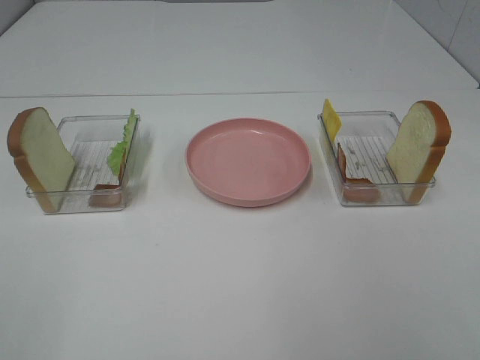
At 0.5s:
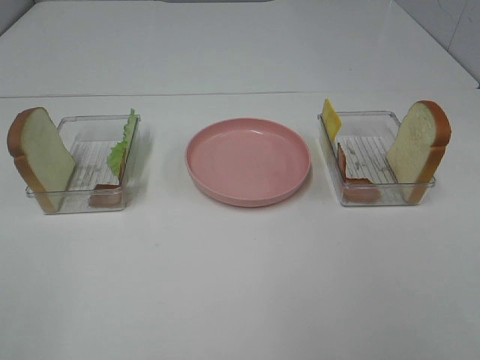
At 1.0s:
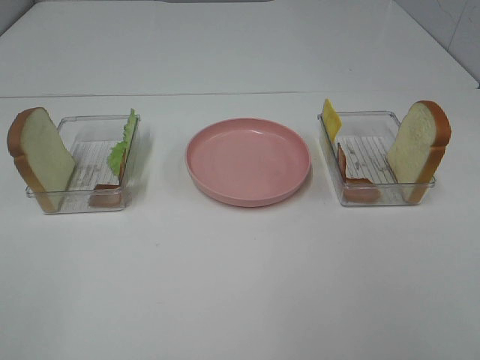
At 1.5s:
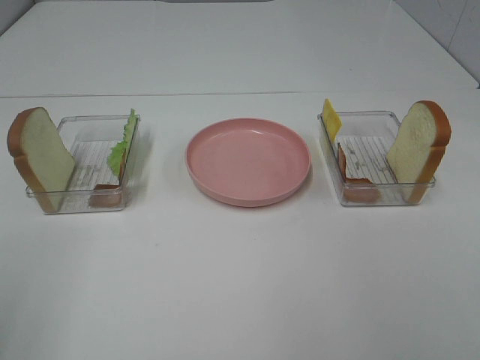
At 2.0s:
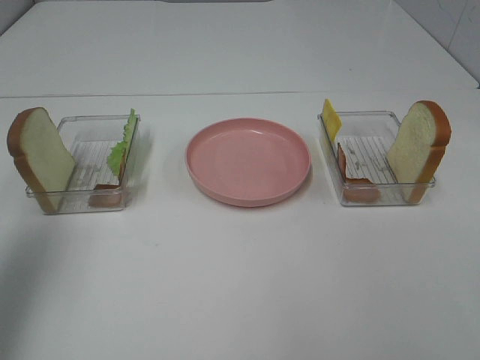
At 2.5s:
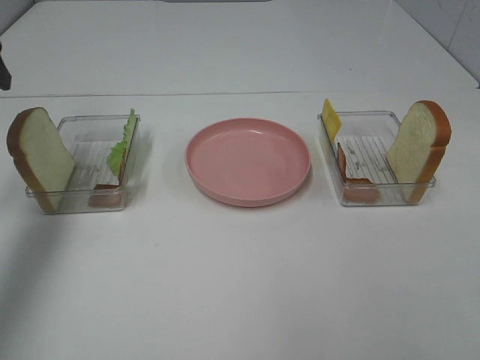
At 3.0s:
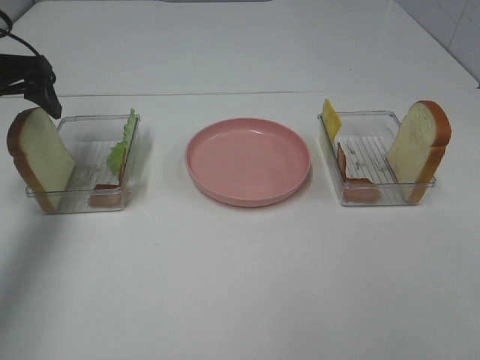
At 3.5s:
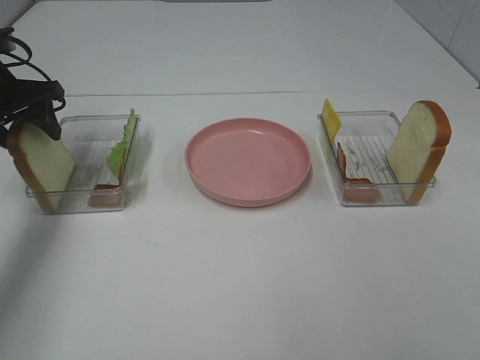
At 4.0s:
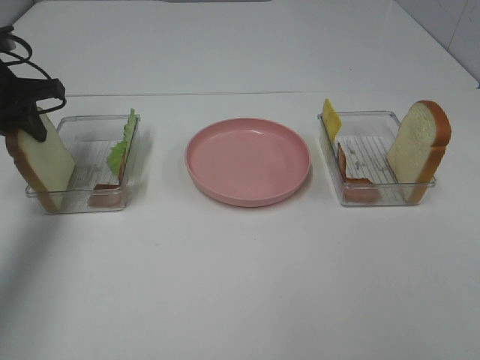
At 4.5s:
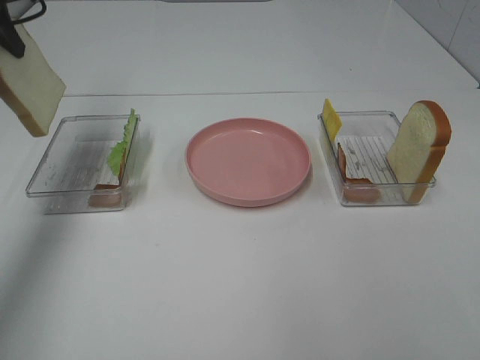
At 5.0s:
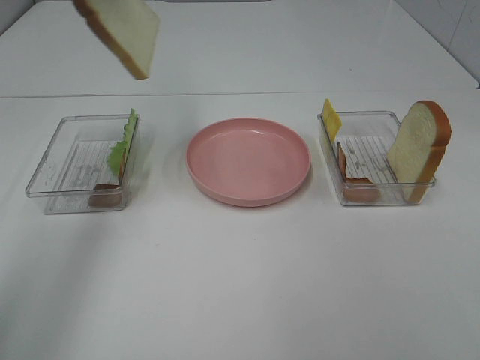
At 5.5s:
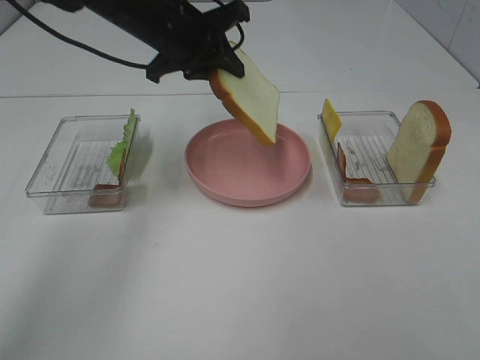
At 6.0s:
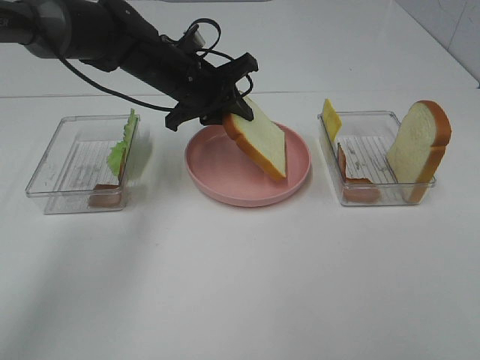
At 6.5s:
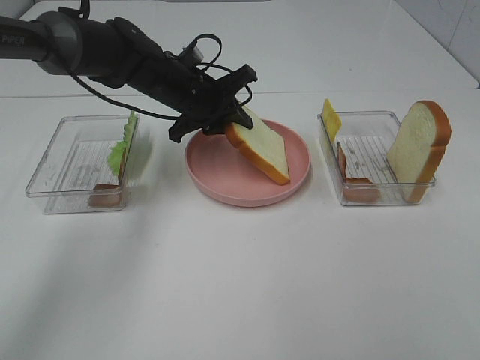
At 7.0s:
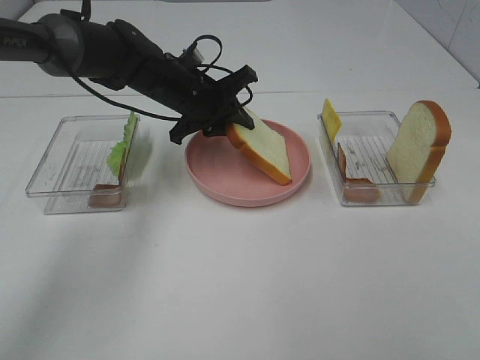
----
Copy the listing above exactly, minus the pictures.

§ ANSWER
At 0.5s:
At 1.0s:
At 1.5s:
At 2.0s:
At 2.5s:
At 3.0s:
At 3.5s:
At 4.0s:
At 4.5s:
At 5.0s:
At 5.5s:
At 6.0s:
At 6.5s:
At 7.0s:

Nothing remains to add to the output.